Snow had melted into gray rivers that braided along the curb, and the Wendy's sign was blinking like a dying star—WEN—D—YS—stuttering in the cold. I remember thinking how sad it looked, how the universe should retire signs the way it retires jersey numbers. That was my last thought before the headlights carved a screaming arc across the asphalt.

Impact was a fast, bright thing—sound turned inside out. My phone skittered beneath a nearby pickup. My body did not so much fall as fail. Pain came in concentric circles, louder at the edges, quiet at the center. Somewhere, somebody yelled to call 911. Somewhere, a horn kept honking because the driver's skull had face-planted his steering wheel.

I blinked. The world smudged.

Not a bad final night for a twenty-something nerd, I decided.
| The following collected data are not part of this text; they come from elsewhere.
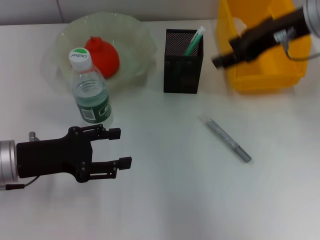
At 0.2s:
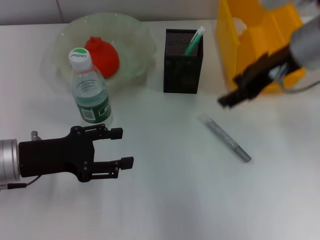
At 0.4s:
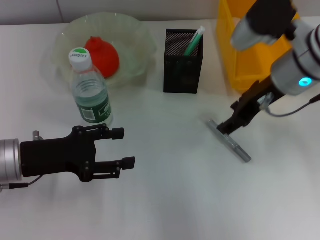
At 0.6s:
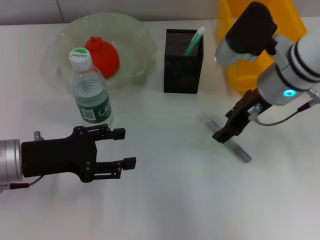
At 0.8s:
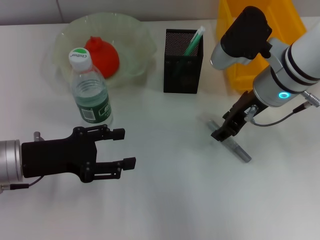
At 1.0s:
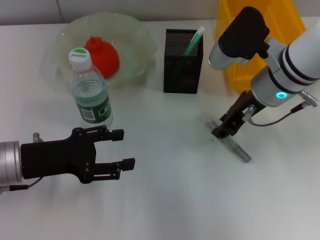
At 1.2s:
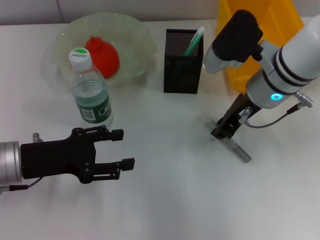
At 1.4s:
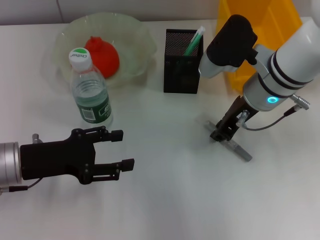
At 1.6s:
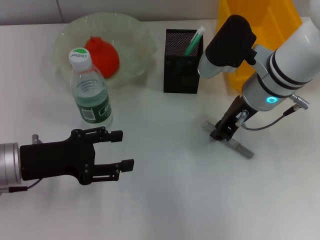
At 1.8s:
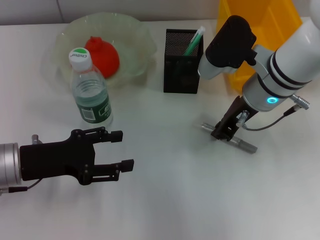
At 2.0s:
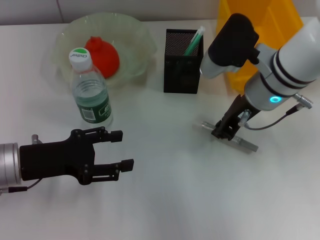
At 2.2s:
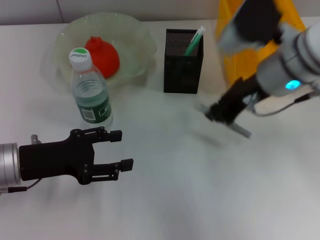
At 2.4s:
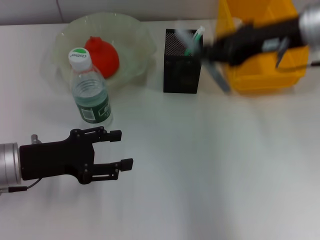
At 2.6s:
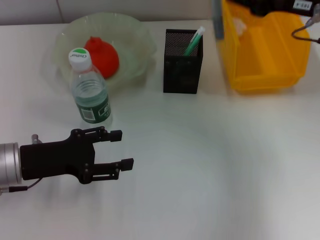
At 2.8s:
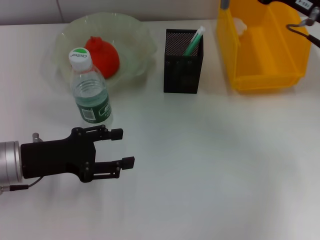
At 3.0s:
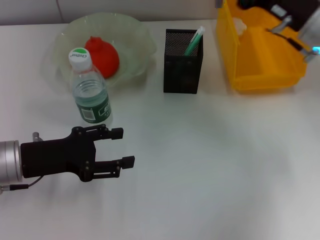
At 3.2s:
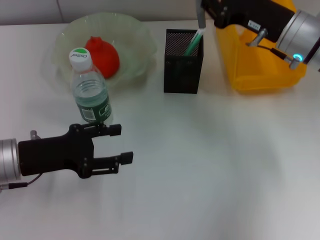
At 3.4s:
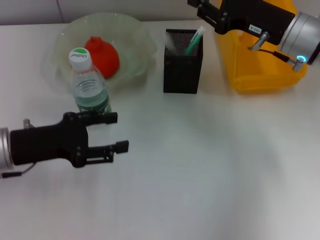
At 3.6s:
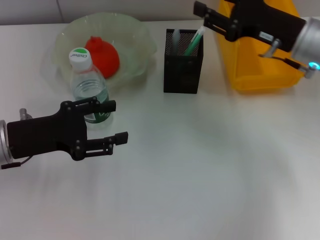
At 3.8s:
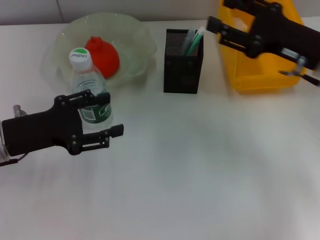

I'd spent it arguing on a forum that the elevator scene in Winter Soldier was peak choreography and that Steve's "Before we get started…" was cinema. I could rewatch the freeway fight until the audio desynced. I'd told myself stories about what I'd do if I had genius like Stark or hands like Rogers.

The snow above me blurred into a clean, white sky.

And then the sky said, "Whew. Messy exit. You want the good news or the bad news, Jamie?"

[February 14, 2014 – 9:33 P.M. | Between Things]

White room. Not bright, not sterile—just white the way a blank page feels before you write the first word. I was upright without having stood. My body felt like an answer that had let go of its question.

Across from me, The Rob lounged in a lawn chair that hadn't existed a blink ago. Hawaiian shirt. Flip-flops. A drink with a tiny umbrella and, for some reason, a curly straw that kept moving in a Mobius loop even when he wasn't sipping. He looked like the concept of vacation had learned sarcasm.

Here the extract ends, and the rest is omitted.